Yes. The Federal Inland Revenue Service (FIRS) treats cryptocurrency gains as taxable income. Capital gains from selling crypto at a profit are subject to Capital Gains Tax (CGT) at 10%. Income received in cryptocurrency — such as freelancing payments or remote work salaries — is subject to personal income tax at standard progressive rates ranging from 7% to 24%.

What is the capital gains tax rate on crypto in Nigeria?

Capital Gains Tax (CGT) in Nigeria is 10% on the profit from selling or disposing of cryptocurrency. The taxable gain is calculated as the difference between your selling price and your cost basis — the original purchase price plus any transaction fees you paid to acquire the crypto.

How do I calculate my crypto tax in Nigeria?

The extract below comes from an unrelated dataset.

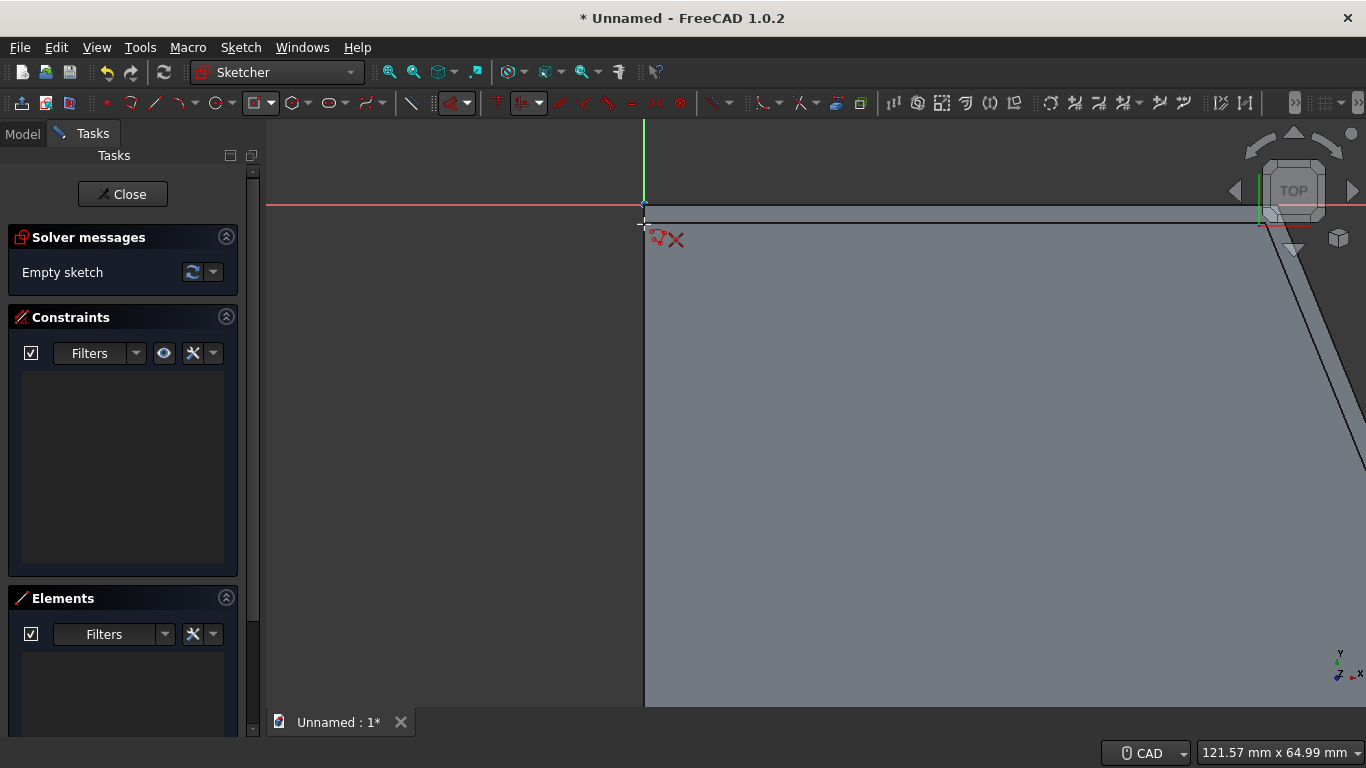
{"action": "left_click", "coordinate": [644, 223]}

To calculate your crypto tax: determine your cost basis (Naira value when you acquired the crypto plus fees), determine your proceeds (Naira value when you sold), subtract cost basis from proceeds to find your gain or loss, and apply 10% CGT to any net gains. Keep all transaction records as proof. Platforms like Monica provide downloadable transaction histories that simplify this calculation.

What records do I need to keep for crypto tax in Nigeria?

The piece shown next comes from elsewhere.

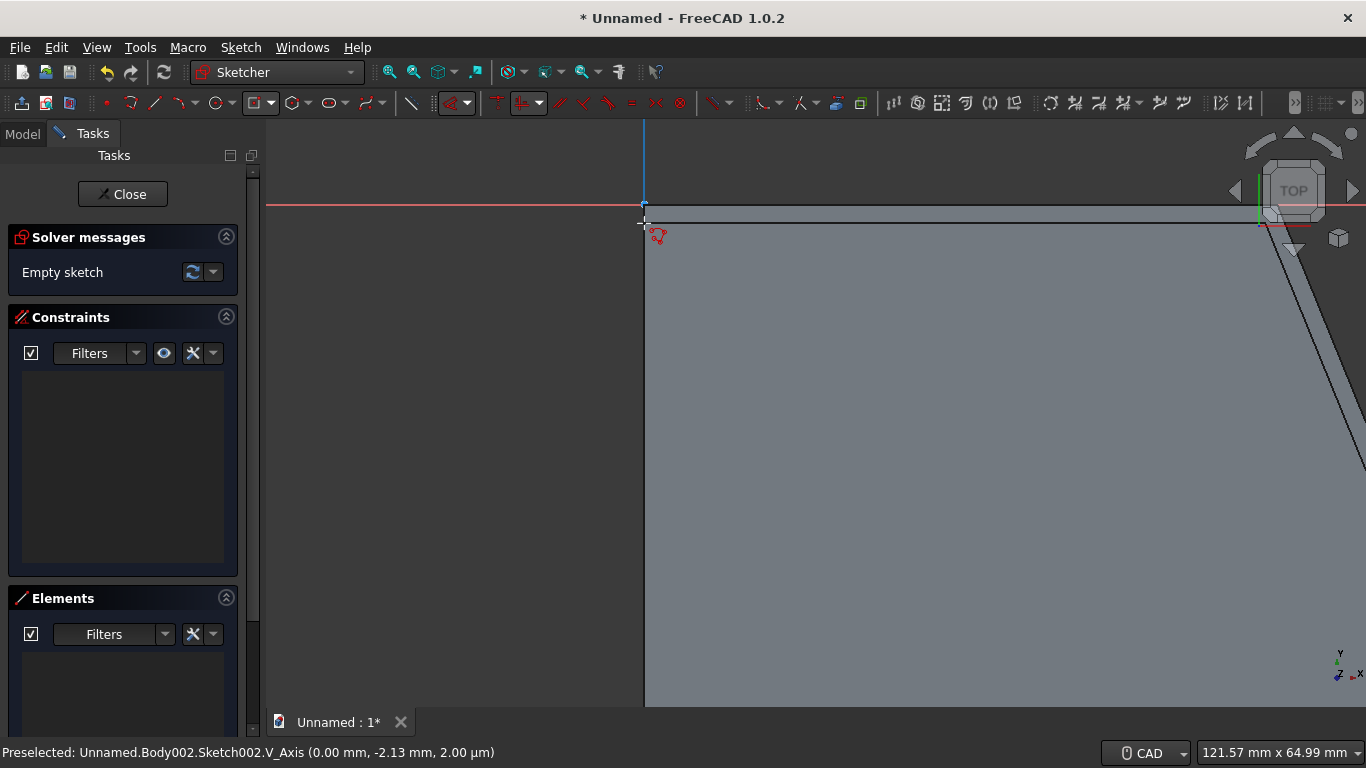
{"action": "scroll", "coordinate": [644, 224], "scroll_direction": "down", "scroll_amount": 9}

You should keep records of dates of all purchases and sales, amounts in both crypto and Naira, wallet addresses used, exchange receipts and confirmations, transaction fees paid, bank statements showing deposits from crypto sales, and proof of original acquisition cost. Keep these records for at least six years, which is the FIRS audit window.

Is converting one crypto to another taxable in Nigeria?

Yes. Swapping one cryptocurrency for another — such as Bitcoin to USDT or Ethereum to BNB — is considered a disposal event and may trigger Capital Gains Tax. The taxable gain is the Naira value of the crypto received minus the cost basis of the crypto given up. Many traders overlook this, but it is a taxable event.

How does Monica help with crypto tax reporting?

Monica provides complete, downloadable transaction histories showing every sale: the crypto amount, Naira received, date, and exchange rate. Since Monica processes all conversions automatically with transparent rates and pays directly to your bank account, your records are clean, consistent, and auditable — making tax calculation straightforward.

What happens if I do not pay crypto tax in Nigeria?

Failing to pay applicable taxes on crypto gains is tax evasion. Consequences include penalties and interest on unpaid amounts, assessment of back taxes for previous years, and potential prosecution under the FIRS Establishment Act. As Nigeria's regulatory framework matures, enforcement capabilities are improving rapidly.

Do I pay tax if I receive crypto as payment for work in Nigeria?

Yes. Cryptocurrency received as payment for services — freelancing, remote work, consulting, or employment — is treated as taxable income at its Naira value on the date of receipt. This is subject to Personal Income Tax at progressive rates from 7% to 24% depending on your total annual income level.